That sensation of needing to blink repeated itself in the Fox's mind. There was the clearing… the same clearing. When Gerin realized that, he recovered at least a part of what he and Mavrix had just been through.

"Well," Mavrix said brightly, "variety in the landscape after all. Who would have thought it?" He brought his pipes to his lips.

Before he could begin to play, Gerin said, "Wait!"

"What do you mean, wait?" the Sithonian god demanded irritably. "I aim to celebrate coming across something different for a change." And then Mavrix, as Gerin had before him, hesitated and went back over what had gone on. "Have I-done this before?" he asked, now sounding hesitant rather than irritable.

"I-think so," Gerin answered, still far from sure himself.

"I am in your debt, little man," Mavrix said. "I wonder how many times I would have done that before I twigged to it myself.
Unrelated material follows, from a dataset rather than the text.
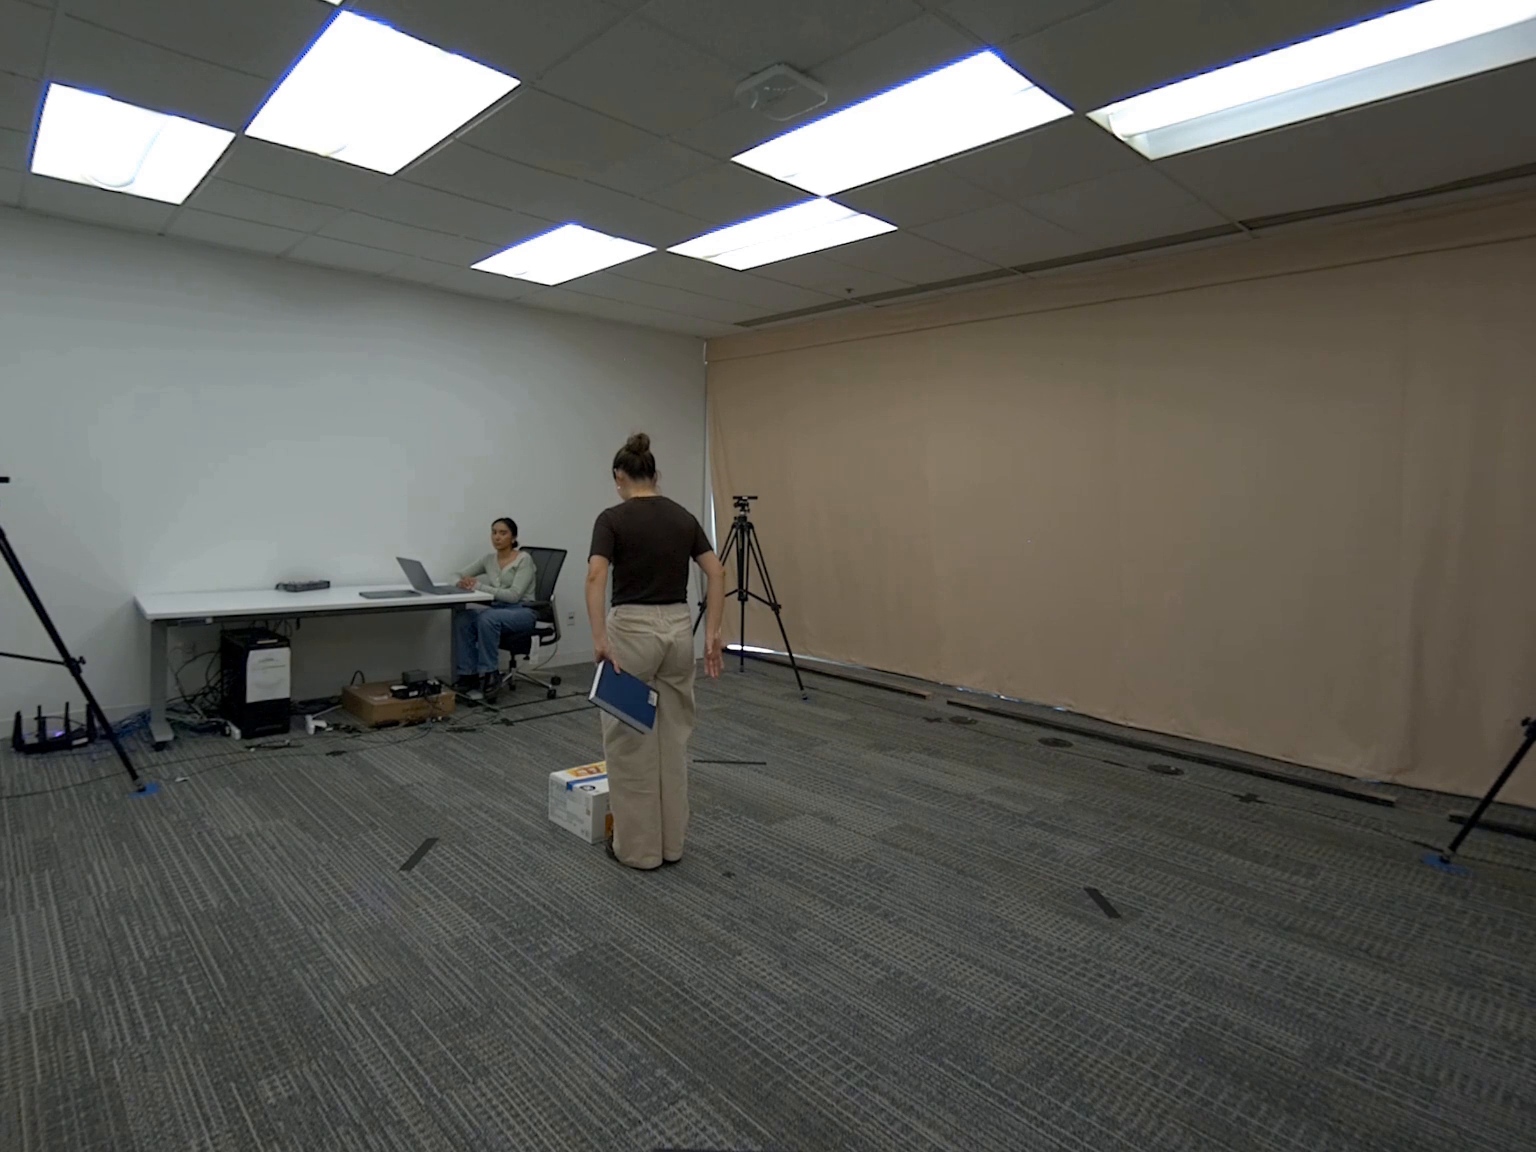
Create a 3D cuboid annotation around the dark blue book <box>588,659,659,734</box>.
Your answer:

I wonder if I would ever have twigged to it myself if I didn't have you riding along like a flea on my bum. It would have been a beastly boring way to spend eternity, I can tell you that."

Gerin wondered if the only reason he hadn't been completely caught in the trap was its being set for gods, not mere men. He had spoken before of mankind's occasional advantages in dealing with vastly more powerful beings, but hadn't expected his littleness to become one: he'd slipped through the spaces in a net intended to catch bigger fish.

In tones more cautious than Mavrix usually used, he asked, "Who is out there in the clearing?"

Nothing answered: "I am Nothing," it said, voice utterly without color or emotion.

"Trust these stupid Gradi to worship Nothing," Mavrix muttered.

"Why not?" Nothing returned. "Soon or late, all fails. In the end, everything fails. I am what is left. I deserve worship, for I am most powerful of all."

"You're not even the most powerful god in your pantheon," Gerin jeered, trying to ruffle that uncanny calm. "Voldar rules the Gradi, not you."

"For now," Nothing said imperturbably.

"Stand aside, Nothing, or know nothingness," Mavrix said. From caution, he had swung back to anger.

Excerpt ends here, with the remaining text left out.